Do we have today's monster's name right? Is al-Qaeda our invisible enemy? In his book ‘Al-Qaeda – The Myth', Rik Coolsaet argues that al-Qaeda has become a myth. Just like in the 19th century, when a Terrorist International only existed in the public's mind, today's al-Qaeda is like a broken thermometer whose mercury shattered into a multitude of small blobs, all highly toxic, but unrelated to one another. Al-Qaeda no longer exists as the global disciplined and centralized terrorist organization it once was. It has turned into a grassroots phenomenon. It is a unifying flag, a loosely connected body of home-grown terror groups and even freelance jihadists, each going their own way without central command, unaffiliated with any group. As happened in the past.

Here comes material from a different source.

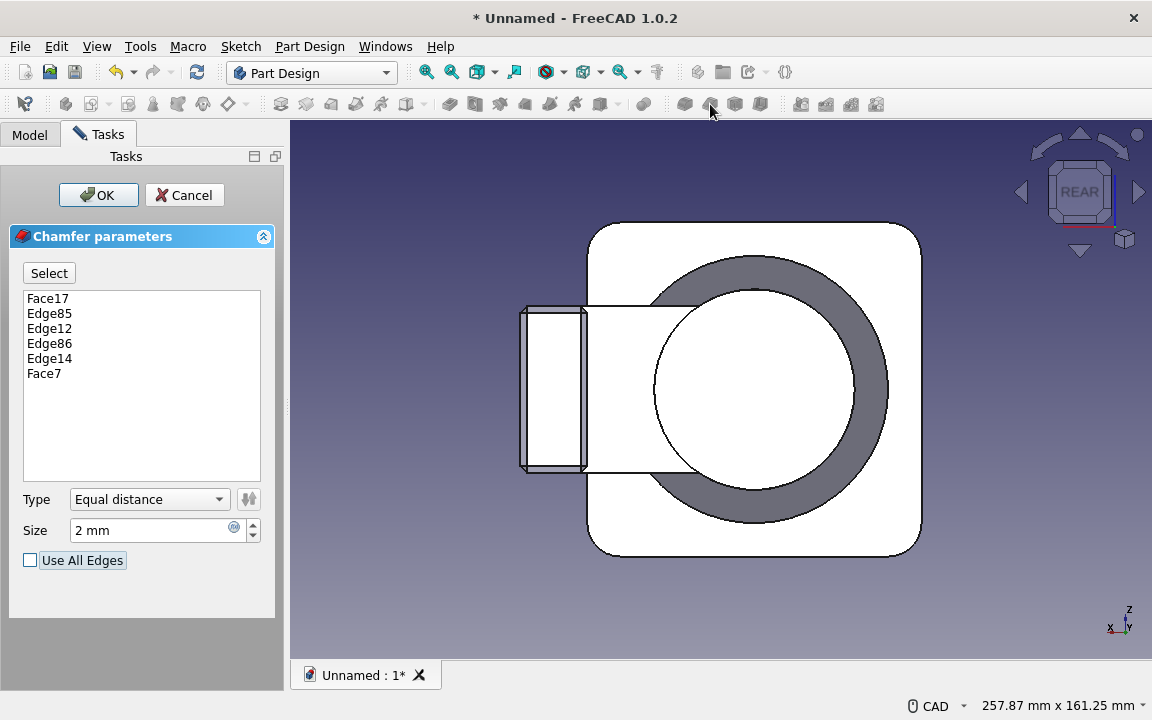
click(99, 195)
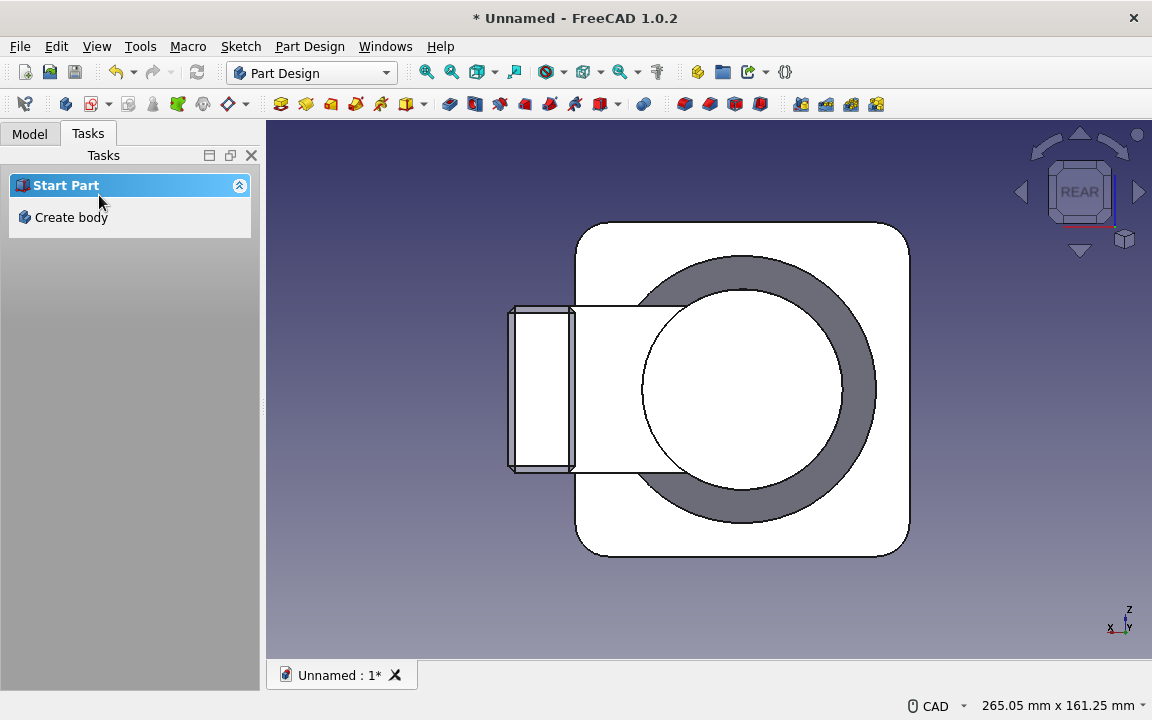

But why now ? And where do these fanatics recruit ? Here, history creeps in. Today's international terrorism is not born out of religion, nor out of poverty. As was so often the case in the past, terrorism is bred by marginalization . Terrorism is a symptom of a society gone awry. When a world changes too rapidly in too many dimensions at once, it makes – rightly or wrongly – large groups of people, nations or countries feel excluded. And it is precisely this which constitutes the breeding ground for small extremist splinter groups searching for a way to justify their acts of terror. As self-appointed vanguards they are thus seeking to present themselves as champions of justice.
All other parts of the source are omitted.